To get the values in terms of revenues, I multiplied the number of stock
outstanding with the stock price, and then divided by the revenue. This gets
me the stock to revenue ratio of GOOG.

    
    
        Shares * Price
        -------------- = Stock to Revenue ratio
           Revenue
    

GOOG's equation looks something like this: 326M * 613 / 36.5B ~= 5.475 S:R

Knowing this, I can now start calulating FB's ratio and solve for it's stock
price.

2140M * FBStockPrice / 3.71B = 0.576 * FBStockPrice

Solving for FBStockPrice...

0.576 * FBStockPrice = 5.475, FBStockPrice = 9.4917

Refs:

[GOOG]:
[https://www.google.com/finance?client=ob&q=NASDAQ:GOOG](https://www.google.com/finance?client=ob&q=NASDAQ:GOOG)

[FB]:
[https://www.google.com/finance?client=ob&q=NASDAQ:FB](https://www.google.com/finance?client=ob&q=NASDAQ:FB)

 _TL;DR_ : This doesn't mean anything. I just like math.

------
nandemo
Wow. That's a lot of words for what's essentially just a back-of-the-envelope
estimate.

Besides, claiming that the fair value is $10 but you should only buy at $5 is
really odd. You must be extremely risk averse to require a 100%/year return.
And that's after he discounted 30% relative to Google. Also, if predicting
Facebook's financials is easier than it was to predict early Microsoft's, why
should anyone expect returns as large as early Microsoft investors?

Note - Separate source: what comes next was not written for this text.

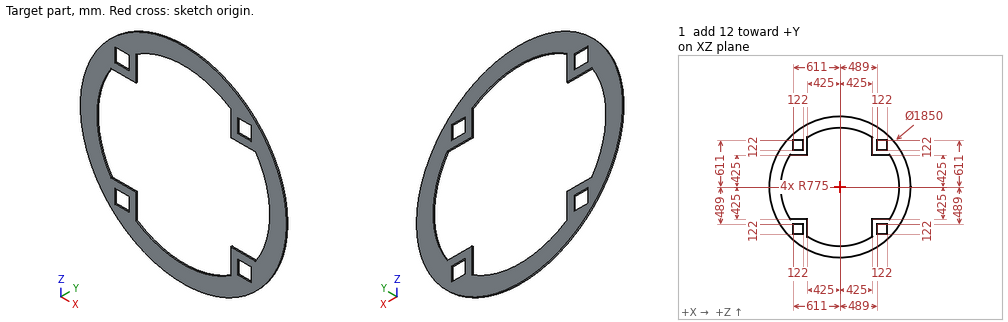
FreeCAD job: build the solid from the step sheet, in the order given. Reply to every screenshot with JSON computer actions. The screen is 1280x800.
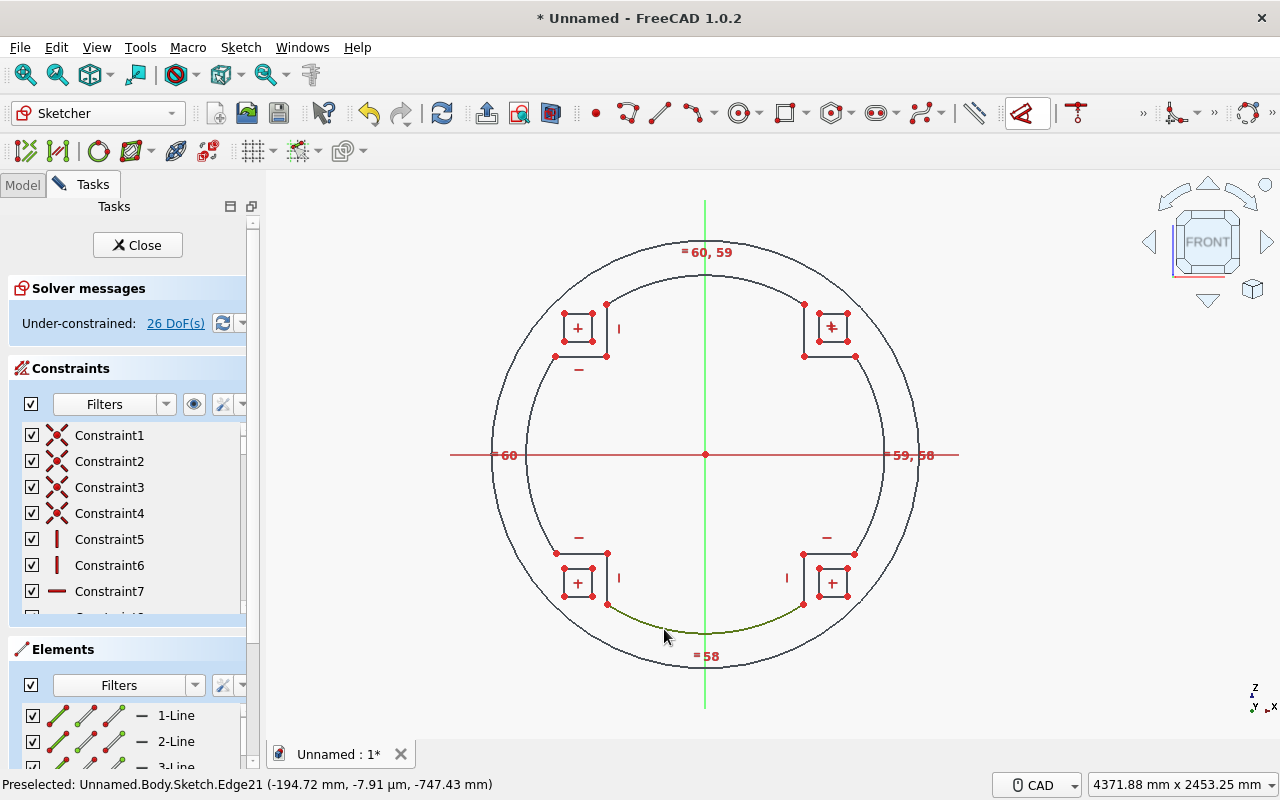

I suggest the saner, and much more concise estimate by NYU's Prof. Aswath
Damodaran:

[http://www.businessinsider.com/valuation-guru-facebook-is-
wo...](http://www.businessinsider.com/valuation-guru-facebook-is-
worth-29-2012-5)

------
kryptiskt
I think about it this simplistic way: If Microsoft and Google had the
opportunity to acquire Facebook for $40bn, would they pass on it and risk the
other getting it? Hell no.

So I'd say it's worth at least around $18.

------
mtgx
tl;dr: $10. His advice: don't pay more than $5.